# DBSCAN

## References
- https://scikit-learn.org/stable/modules/generated/sklearn.cluster.DBSCAN.html?highlight=dbscan#sklearn.cluster.DBSCAN

## Step-1: Generate Some Data

In [None]:
from sklearn.datasets import make_blobs
import matplotlib.pyplot as plt

num_centers = 5

X, y = make_blobs(n_samples=1000,  n_features=2, centers=num_centers)

print ('X.shape:', X.shape)
print ('y.shape:', y.shape)

# note the color coding of clusters
plt.scatter(X[:, 0], X[:, 1], marker='o', c=y,
            s=25, edgecolor='k')
plt.show()

## Step-2: Run MeanShift Clustering

In [None]:
from sklearn.cluster import DBSCAN

dbscan = DBSCAN(eps=5, min_samples=2).fit(X)

labels = dbscan.labels_
# Number of clusters in labels, ignoring noise if present.
n_clusters_ = len(set(labels)) - (1 if -1 in labels else 0)
n_noise_ = list(labels).count(-1)

print ("labels:\n", labels)
print("Estimated number of clusters: %d" % n_clusters_)
print("Estimated number of noise points: %d" % n_noise_)

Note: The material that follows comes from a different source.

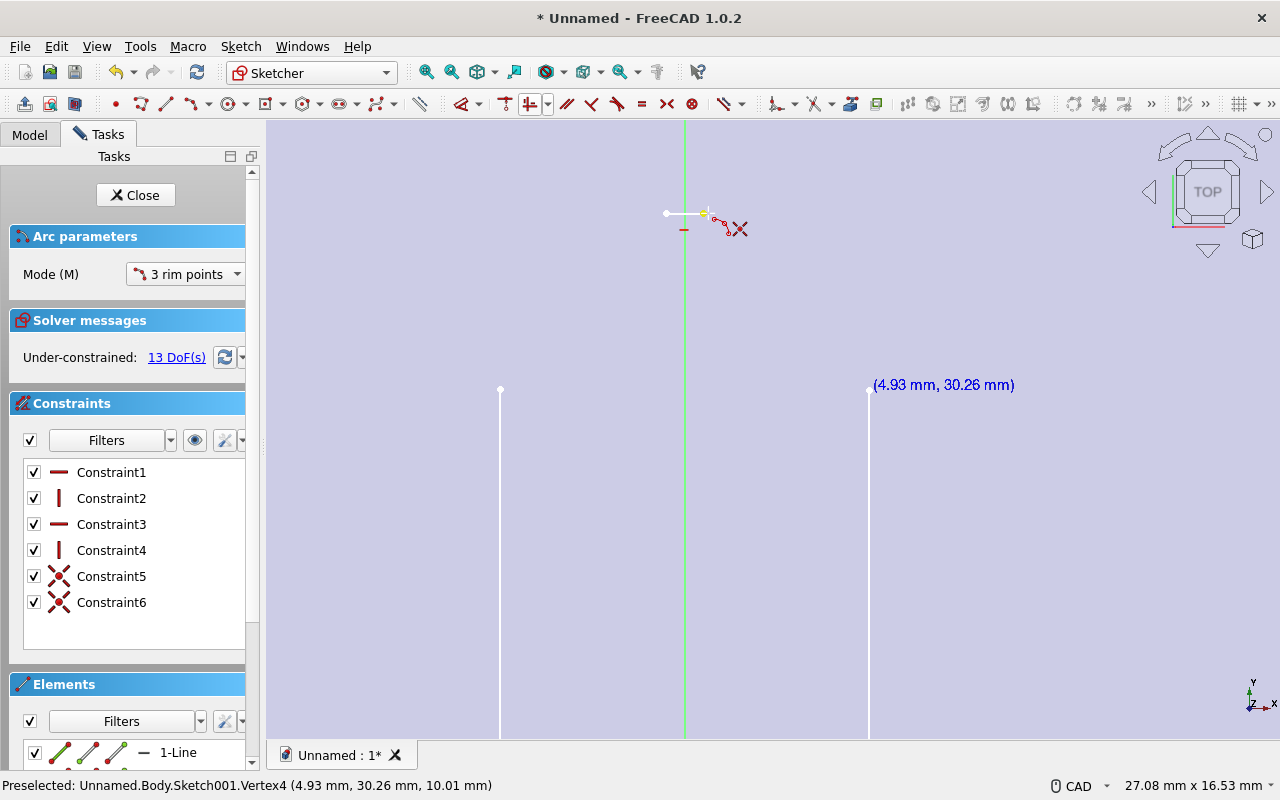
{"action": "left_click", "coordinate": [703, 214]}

## Step-3: Visualize Clusters

In [None]:
## plot predicted results
y_pred = dbscan.fit_predict(X)

## now observe the color coding of clusters
## do they match?
plt.scatter(X[:, 0], X[:, 1], c=y_pred)

## Experiment

```python
DBSCAN(eps=3, min_samples=2)
```

Change these parameters and re run the algorithm.  Does it change the predicted clusters?